Goal of the exercise => Give back the lines below verbatim, omitting all pictures.

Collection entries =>
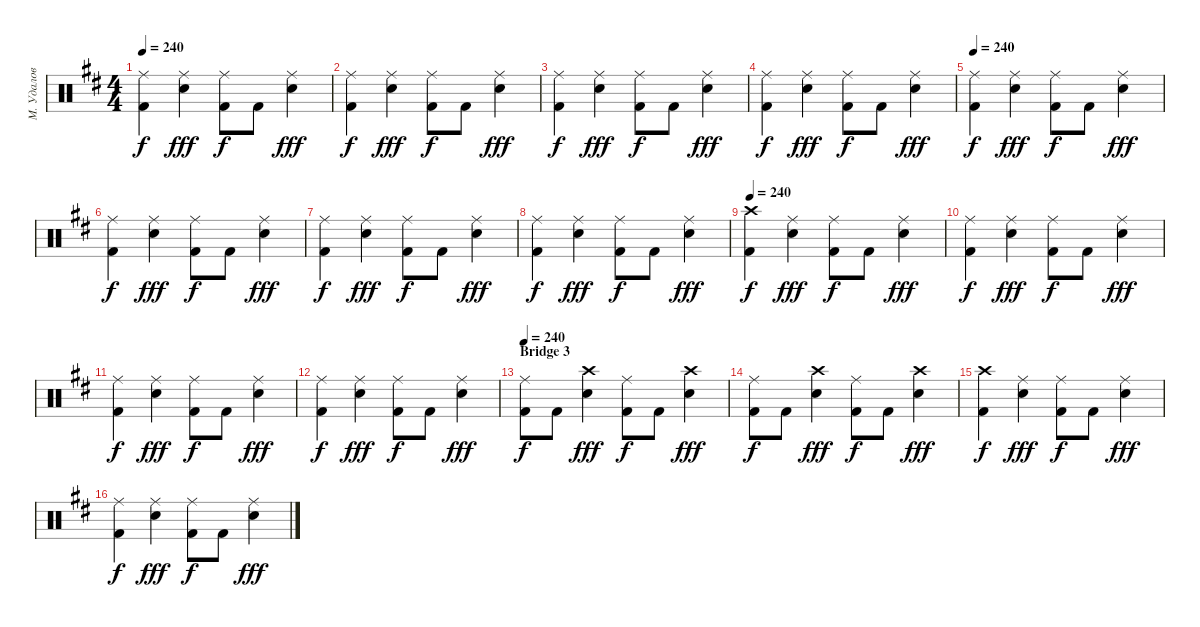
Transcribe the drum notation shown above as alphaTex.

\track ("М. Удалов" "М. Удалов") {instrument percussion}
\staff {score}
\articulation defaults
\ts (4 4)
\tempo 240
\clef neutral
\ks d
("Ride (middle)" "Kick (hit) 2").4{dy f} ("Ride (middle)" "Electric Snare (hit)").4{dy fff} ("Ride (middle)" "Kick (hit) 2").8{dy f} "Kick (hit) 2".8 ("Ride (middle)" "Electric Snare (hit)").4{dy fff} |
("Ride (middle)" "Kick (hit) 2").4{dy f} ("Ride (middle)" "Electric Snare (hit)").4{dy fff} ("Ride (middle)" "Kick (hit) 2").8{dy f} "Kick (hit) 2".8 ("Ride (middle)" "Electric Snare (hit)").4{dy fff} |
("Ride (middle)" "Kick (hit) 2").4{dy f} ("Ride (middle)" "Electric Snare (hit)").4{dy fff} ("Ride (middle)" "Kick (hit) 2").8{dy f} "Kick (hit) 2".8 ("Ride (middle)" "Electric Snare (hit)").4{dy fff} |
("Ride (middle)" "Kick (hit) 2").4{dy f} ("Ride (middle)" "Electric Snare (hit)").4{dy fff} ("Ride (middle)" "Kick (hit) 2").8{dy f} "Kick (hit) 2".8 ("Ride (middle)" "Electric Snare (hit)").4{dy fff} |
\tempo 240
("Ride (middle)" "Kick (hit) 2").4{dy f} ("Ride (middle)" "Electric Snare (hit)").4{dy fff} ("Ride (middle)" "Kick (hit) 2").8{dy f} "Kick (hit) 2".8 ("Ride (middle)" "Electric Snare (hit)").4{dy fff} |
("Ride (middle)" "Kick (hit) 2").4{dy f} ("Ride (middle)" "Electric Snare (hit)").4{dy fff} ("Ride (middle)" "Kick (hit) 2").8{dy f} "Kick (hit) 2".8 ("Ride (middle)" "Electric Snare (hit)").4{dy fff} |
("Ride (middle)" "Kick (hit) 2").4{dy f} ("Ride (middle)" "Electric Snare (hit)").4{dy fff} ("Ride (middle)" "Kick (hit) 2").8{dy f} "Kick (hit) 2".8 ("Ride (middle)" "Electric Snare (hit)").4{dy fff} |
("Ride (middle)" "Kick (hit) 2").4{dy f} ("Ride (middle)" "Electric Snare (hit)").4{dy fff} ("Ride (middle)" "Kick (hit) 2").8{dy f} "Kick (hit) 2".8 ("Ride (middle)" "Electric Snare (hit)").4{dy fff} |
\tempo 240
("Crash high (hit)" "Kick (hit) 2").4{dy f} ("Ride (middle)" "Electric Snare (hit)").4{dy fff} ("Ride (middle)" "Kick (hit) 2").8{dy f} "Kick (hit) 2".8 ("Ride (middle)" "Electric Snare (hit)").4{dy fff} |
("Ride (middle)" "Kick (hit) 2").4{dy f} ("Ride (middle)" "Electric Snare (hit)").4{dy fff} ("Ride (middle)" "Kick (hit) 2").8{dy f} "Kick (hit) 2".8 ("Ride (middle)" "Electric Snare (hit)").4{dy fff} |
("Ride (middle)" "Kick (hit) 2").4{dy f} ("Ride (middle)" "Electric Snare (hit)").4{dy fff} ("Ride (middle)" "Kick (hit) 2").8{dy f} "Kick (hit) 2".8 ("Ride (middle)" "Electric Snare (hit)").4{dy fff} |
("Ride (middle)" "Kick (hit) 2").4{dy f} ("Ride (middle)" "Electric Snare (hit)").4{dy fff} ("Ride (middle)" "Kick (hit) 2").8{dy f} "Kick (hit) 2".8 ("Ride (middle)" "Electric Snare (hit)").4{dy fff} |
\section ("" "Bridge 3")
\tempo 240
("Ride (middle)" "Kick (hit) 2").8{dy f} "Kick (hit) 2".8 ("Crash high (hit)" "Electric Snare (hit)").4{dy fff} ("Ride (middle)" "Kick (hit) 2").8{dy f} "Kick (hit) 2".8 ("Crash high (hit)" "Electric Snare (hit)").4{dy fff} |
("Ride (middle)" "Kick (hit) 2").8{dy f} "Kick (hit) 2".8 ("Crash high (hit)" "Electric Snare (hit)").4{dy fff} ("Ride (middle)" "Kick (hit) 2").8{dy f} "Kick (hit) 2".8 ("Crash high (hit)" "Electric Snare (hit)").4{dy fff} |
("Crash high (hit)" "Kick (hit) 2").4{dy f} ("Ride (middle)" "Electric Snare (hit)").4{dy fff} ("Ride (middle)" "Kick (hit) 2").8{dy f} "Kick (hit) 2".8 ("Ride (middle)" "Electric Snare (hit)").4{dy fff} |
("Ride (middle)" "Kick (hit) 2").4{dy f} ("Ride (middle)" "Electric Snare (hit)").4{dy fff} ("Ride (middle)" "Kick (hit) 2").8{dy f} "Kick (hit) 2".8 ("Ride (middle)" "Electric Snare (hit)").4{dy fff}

Task solution =>
Transcribe the drum notation shown above as alphaTex.

\track ("М. Удалов" "М. Удалов") {instrument percussion}
\staff {score}
\articulation defaults
\ts (4 4)
\tempo 240
\clef neutral
\ks d
("Ride (middle)" "Kick (hit) 2").4{dy f} ("Ride (middle)" "Electric Snare (hit)").4{dy fff} ("Ride (middle)" "Kick (hit) 2").8{dy f} "Kick (hit) 2".8 ("Ride (middle)" "Electric Snare (hit)").4{dy fff} |
("Ride (middle)" "Kick (hit) 2").4{dy f} ("Ride (middle)" "Electric Snare (hit)").4{dy fff} ("Ride (middle)" "Kick (hit) 2").8{dy f} "Kick (hit) 2".8 ("Ride (middle)" "Electric Snare (hit)").4{dy fff} |
("Ride (middle)" "Kick (hit) 2").4{dy f} ("Ride (middle)" "Electric Snare (hit)").4{dy fff} ("Ride (middle)" "Kick (hit) 2").8{dy f} "Kick (hit) 2".8 ("Ride (middle)" "Electric Snare (hit)").4{dy fff} |
("Ride (middle)" "Kick (hit) 2").4{dy f} ("Ride (middle)" "Electric Snare (hit)").4{dy fff} ("Ride (middle)" "Kick (hit) 2").8{dy f} "Kick (hit) 2".8 ("Ride (middle)" "Electric Snare (hit)").4{dy fff} |
\tempo 240
("Ride (middle)" "Kick (hit) 2").4{dy f} ("Ride (middle)" "Electric Snare (hit)").4{dy fff} ("Ride (middle)" "Kick (hit) 2").8{dy f} "Kick (hit) 2".8 ("Ride (middle)" "Electric Snare (hit)").4{dy fff} |
("Ride (middle)" "Kick (hit) 2").4{dy f} ("Ride (middle)" "Electric Snare (hit)").4{dy fff} ("Ride (middle)" "Kick (hit) 2").8{dy f} "Kick (hit) 2".8 ("Ride (middle)" "Electric Snare (hit)").4{dy fff} |
("Ride (middle)" "Kick (hit) 2").4{dy f} ("Ride (middle)" "Electric Snare (hit)").4{dy fff} ("Ride (middle)" "Kick (hit) 2").8{dy f} "Kick (hit) 2".8 ("Ride (middle)" "Electric Snare (hit)").4{dy fff} |
("Ride (middle)" "Kick (hit) 2").4{dy f} ("Ride (middle)" "Electric Snare (hit)").4{dy fff} ("Ride (middle)" "Kick (hit) 2").8{dy f} "Kick (hit) 2".8 ("Ride (middle)" "Electric Snare (hit)").4{dy fff} |
\tempo 240
("Crash high (hit)" "Kick (hit) 2").4{dy f} ("Ride (middle)" "Electric Snare (hit)").4{dy fff} ("Ride (middle)" "Kick (hit) 2").8{dy f} "Kick (hit) 2".8 ("Ride (middle)" "Electric Snare (hit)").4{dy fff} |
("Ride (middle)" "Kick (hit) 2").4{dy f} ("Ride (middle)" "Electric Snare (hit)").4{dy fff} ("Ride (middle)" "Kick (hit) 2").8{dy f} "Kick (hit) 2".8 ("Ride (middle)" "Electric Snare (hit)").4{dy fff} |
("Ride (middle)" "Kick (hit) 2").4{dy f} ("Ride (middle)" "Electric Snare (hit)").4{dy fff} ("Ride (middle)" "Kick (hit) 2").8{dy f} "Kick (hit) 2".8 ("Ride (middle)" "Electric Snare (hit)").4{dy fff} |
("Ride (middle)" "Kick (hit) 2").4{dy f} ("Ride (middle)" "Electric Snare (hit)").4{dy fff} ("Ride (middle)" "Kick (hit) 2").8{dy f} "Kick (hit) 2".8 ("Ride (middle)" "Electric Snare (hit)").4{dy fff} |
\section ("" "Bridge 3")
\tempo 240
("Ride (middle)" "Kick (hit) 2").8{dy f} "Kick (hit) 2".8 ("Crash high (hit)" "Electric Snare (hit)").4{dy fff} ("Ride (middle)" "Kick (hit) 2").8{dy f} "Kick (hit) 2".8 ("Crash high (hit)" "Electric Snare (hit)").4{dy fff} |
("Ride (middle)" "Kick (hit) 2").8{dy f} "Kick (hit) 2".8 ("Crash high (hit)" "Electric Snare (hit)").4{dy fff} ("Ride (middle)" "Kick (hit) 2").8{dy f} "Kick (hit) 2".8 ("Crash high (hit)" "Electric Snare (hit)").4{dy fff} |
("Crash high (hit)" "Kick (hit) 2").4{dy f} ("Ride (middle)" "Electric Snare (hit)").4{dy fff} ("Ride (middle)" "Kick (hit) 2").8{dy f} "Kick (hit) 2".8 ("Ride (middle)" "Electric Snare (hit)").4{dy fff} |
("Ride (middle)" "Kick (hit) 2").4{dy f} ("Ride (middle)" "Electric Snare (hit)").4{dy fff} ("Ride (middle)" "Kick (hit) 2").8{dy f} "Kick (hit) 2".8 ("Ride (middle)" "Electric Snare (hit)").4{dy fff}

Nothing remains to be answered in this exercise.